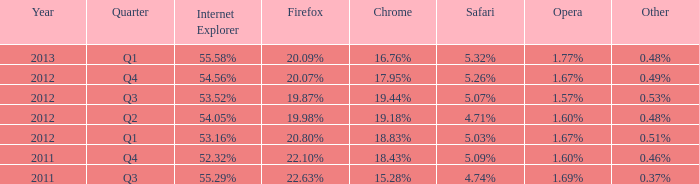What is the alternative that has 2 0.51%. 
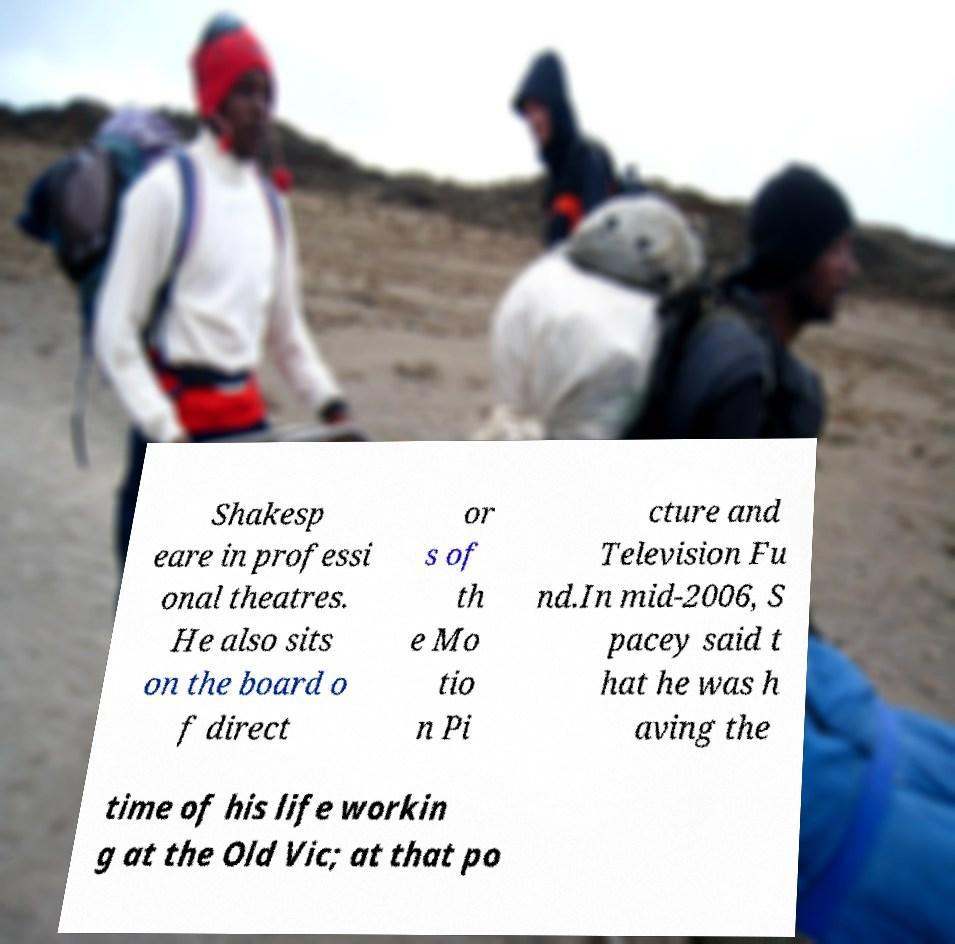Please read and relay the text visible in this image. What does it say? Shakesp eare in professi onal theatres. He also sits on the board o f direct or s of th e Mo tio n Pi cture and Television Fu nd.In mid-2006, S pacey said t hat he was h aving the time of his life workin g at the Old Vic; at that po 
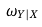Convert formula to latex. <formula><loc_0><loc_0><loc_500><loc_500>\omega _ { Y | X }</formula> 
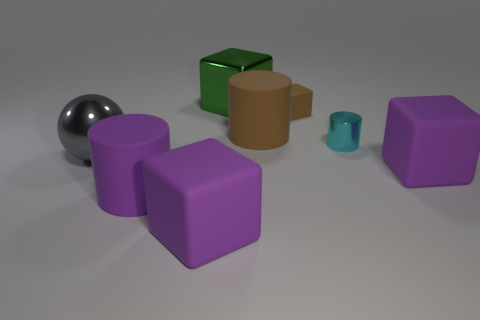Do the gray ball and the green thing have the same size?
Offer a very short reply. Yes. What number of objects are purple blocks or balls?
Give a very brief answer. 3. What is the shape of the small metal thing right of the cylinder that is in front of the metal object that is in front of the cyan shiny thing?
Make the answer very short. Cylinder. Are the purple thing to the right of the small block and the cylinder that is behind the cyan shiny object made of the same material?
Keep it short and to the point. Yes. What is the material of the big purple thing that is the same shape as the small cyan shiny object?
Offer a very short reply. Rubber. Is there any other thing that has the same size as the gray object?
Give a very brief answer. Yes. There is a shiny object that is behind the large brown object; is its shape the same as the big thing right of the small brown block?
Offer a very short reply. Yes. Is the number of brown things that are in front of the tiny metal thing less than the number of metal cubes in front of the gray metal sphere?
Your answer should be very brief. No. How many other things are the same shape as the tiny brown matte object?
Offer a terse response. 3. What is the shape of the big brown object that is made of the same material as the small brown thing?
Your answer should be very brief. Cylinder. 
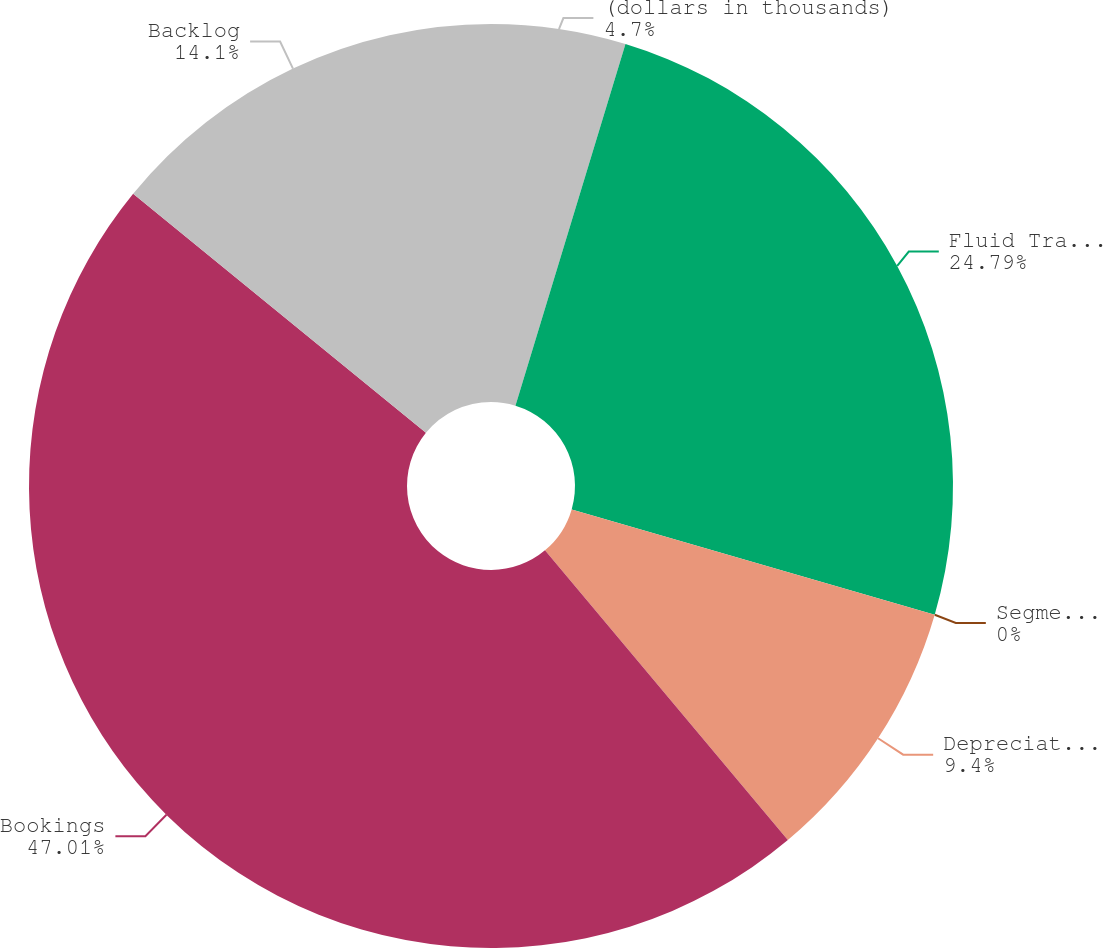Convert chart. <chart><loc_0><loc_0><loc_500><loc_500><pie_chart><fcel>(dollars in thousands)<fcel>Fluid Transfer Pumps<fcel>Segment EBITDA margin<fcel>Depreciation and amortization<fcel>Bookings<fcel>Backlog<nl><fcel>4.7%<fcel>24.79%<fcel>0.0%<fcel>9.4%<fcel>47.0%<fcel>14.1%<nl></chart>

-.-.-

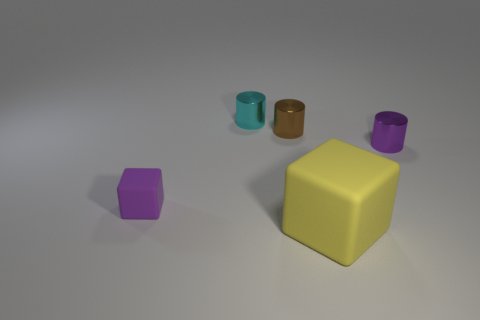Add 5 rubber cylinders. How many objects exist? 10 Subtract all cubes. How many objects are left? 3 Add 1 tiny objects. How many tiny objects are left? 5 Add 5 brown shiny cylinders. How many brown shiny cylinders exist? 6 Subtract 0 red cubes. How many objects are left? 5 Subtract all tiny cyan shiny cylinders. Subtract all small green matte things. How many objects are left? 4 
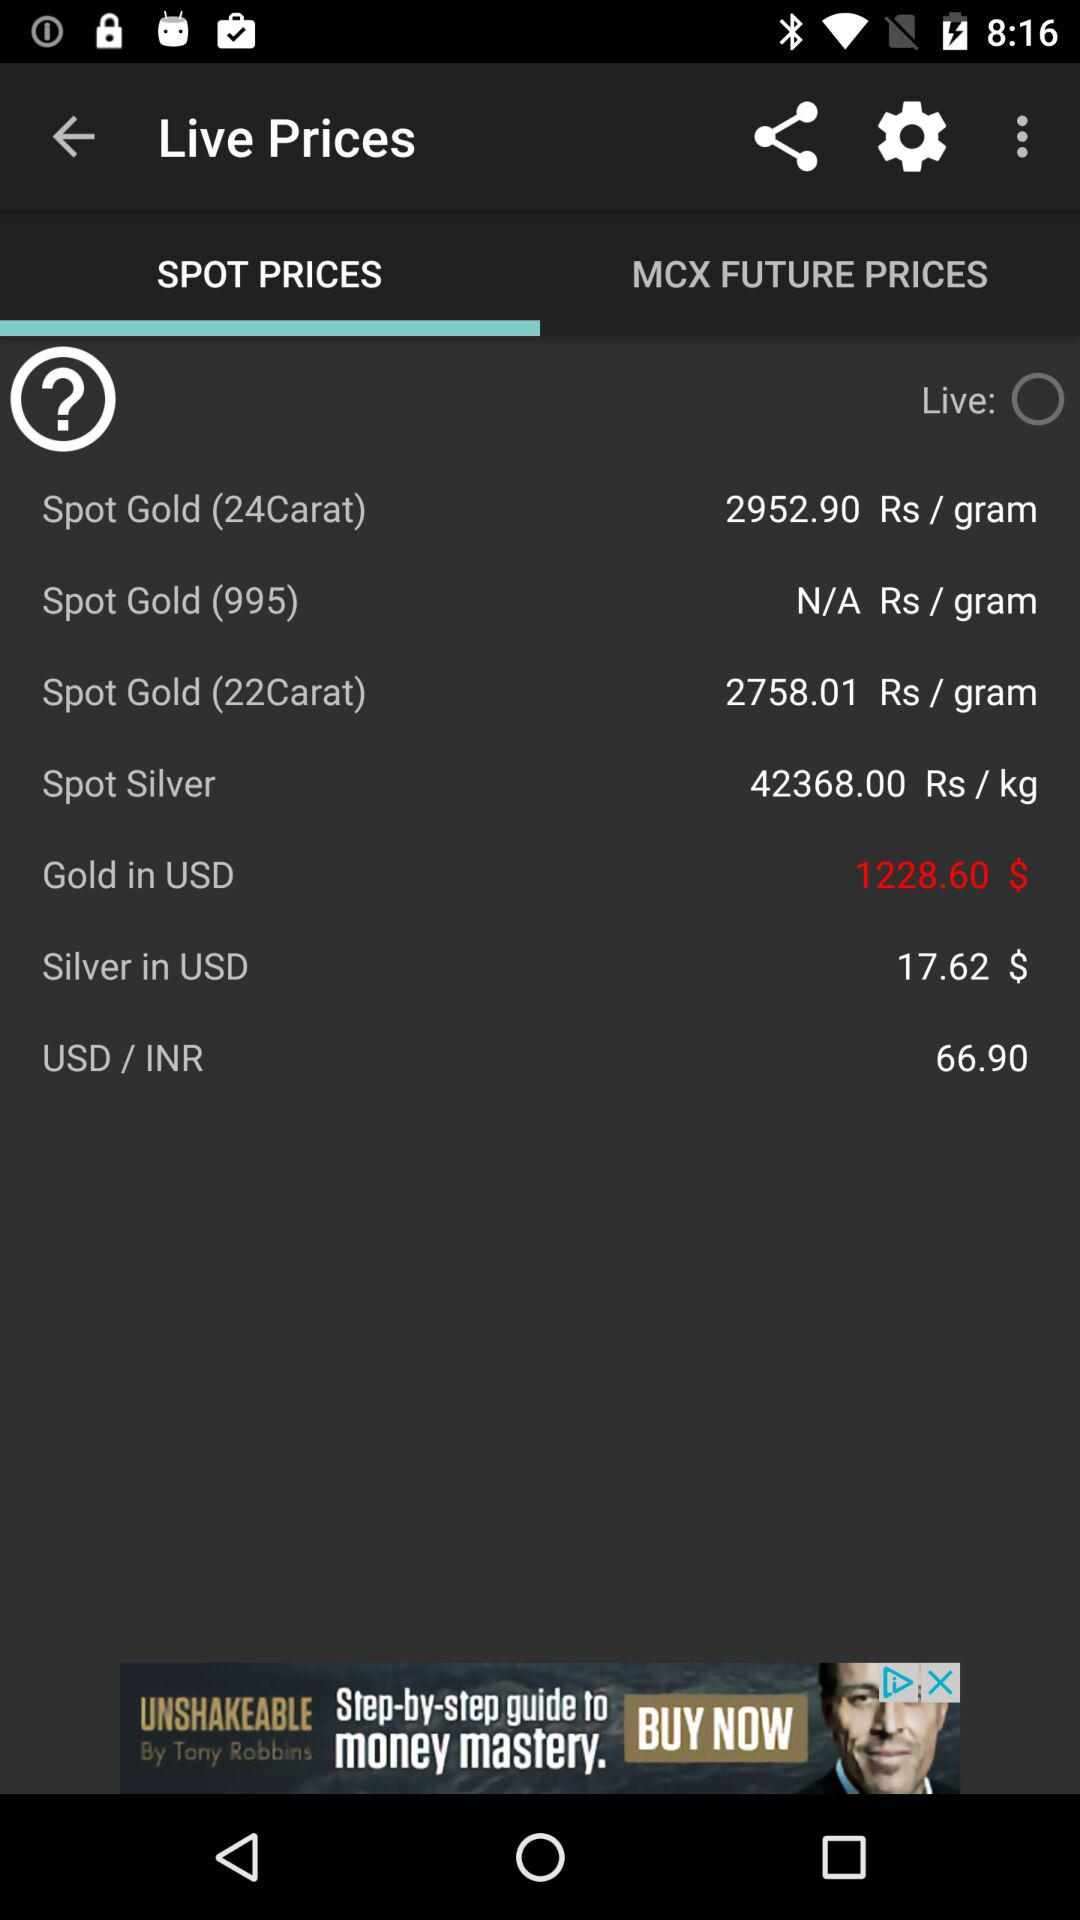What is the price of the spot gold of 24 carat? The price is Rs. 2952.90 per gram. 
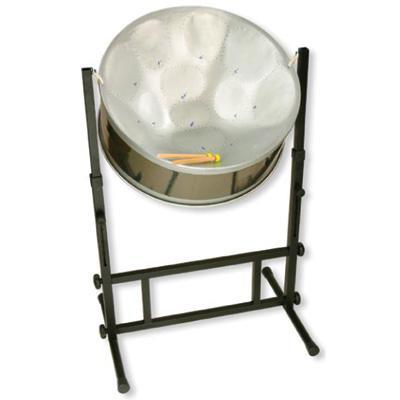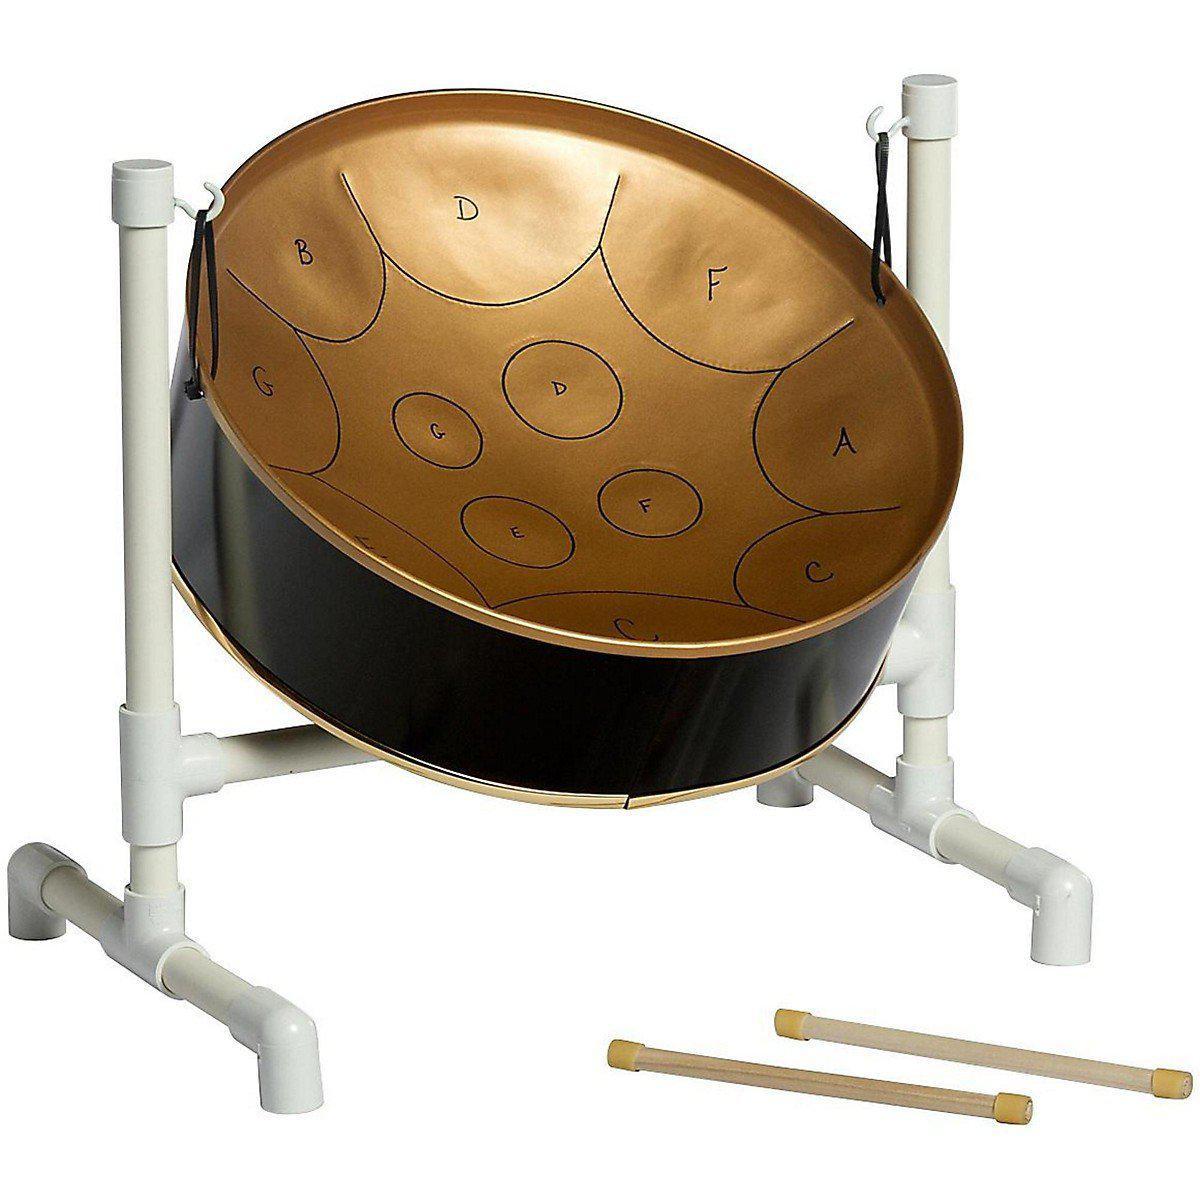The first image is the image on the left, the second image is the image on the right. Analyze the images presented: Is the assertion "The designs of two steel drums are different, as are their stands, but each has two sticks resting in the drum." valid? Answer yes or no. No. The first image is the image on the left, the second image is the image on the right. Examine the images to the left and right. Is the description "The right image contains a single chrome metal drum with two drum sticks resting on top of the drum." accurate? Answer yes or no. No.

-.-.-

Count every line in the listing above where the string "should" occurs, and report the count and nothing more.

▸ WRITTEN REPLY: 2